A estrutura teórica do modelo inter-regional para a economia brasileira - MIBRA
The theoretical structure of inter regional model for the Brazilian economy - MIBRA
Joaquim Guilhoto,
Marcos Hasegawa and
Ricardo Lopes
MPRA Paper from University Library of Munich, Germany
Abstract:
The general equilibrium models got importance at the 70's for pointing tendencies that were, until that moment, not experienced by economics. One example was first petrol crisis which econometric models could not predict based on temporal series. On the other hand, the general equilibrium models were capable to indicate this tendency because these models included all economy structure, what allowed the realization of analysis of situations not faced before. Despite that nowadays multiple lines of work about general equilibrium models, models that work with linear equations and results in the form of growth rate, the so called general equilibrium models of the JOHANSEN/ORANI class, and the ones who treats equations on a non-linear form and results in levels, such as Scarf, Adelman & Robinson, Dervis, Melo & Robinson.
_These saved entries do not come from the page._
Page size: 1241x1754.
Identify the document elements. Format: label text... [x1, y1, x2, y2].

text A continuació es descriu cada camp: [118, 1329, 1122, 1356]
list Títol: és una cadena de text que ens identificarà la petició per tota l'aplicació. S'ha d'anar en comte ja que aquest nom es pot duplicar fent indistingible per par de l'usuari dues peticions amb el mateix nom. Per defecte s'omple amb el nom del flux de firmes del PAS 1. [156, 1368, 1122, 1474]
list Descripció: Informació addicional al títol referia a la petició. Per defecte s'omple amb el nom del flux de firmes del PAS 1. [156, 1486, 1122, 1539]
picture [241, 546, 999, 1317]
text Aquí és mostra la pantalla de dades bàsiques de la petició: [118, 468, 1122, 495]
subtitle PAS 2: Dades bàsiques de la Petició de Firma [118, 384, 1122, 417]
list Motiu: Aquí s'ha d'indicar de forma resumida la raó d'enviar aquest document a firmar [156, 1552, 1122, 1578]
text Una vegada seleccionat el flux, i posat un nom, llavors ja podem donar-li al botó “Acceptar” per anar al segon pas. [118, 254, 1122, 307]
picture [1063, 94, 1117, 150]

Using their ORANI model as a start point, the authors developed the MONASH general equilibrium model in national level, both aimed to the Australian economy. From this model it was created the MONASH-MRF model to work in a regional area, also Australia, with the function of realizing statistical comparative analysis and economics previsions. Based on the MONASH-MRF model, an inter regional model was developed to the Brazilian economy, MIBRA, with sixteen sectors and five macro regions, using the input-output matrix of 1995. MIBRA presents five modules:1)The core, with equations that refers to the productive structure of the economy; 2)government finances, which gather equations related to the public finances in both federal and regional levels; 3) Investment and capital accumulation, that focus on the allocation of investments among the sectors and regions 4)External debt accumulation; and 5)Population and migration, which equations are related to population growth and regional migration. The theoretical structure of the MIBRA model is presented in this work.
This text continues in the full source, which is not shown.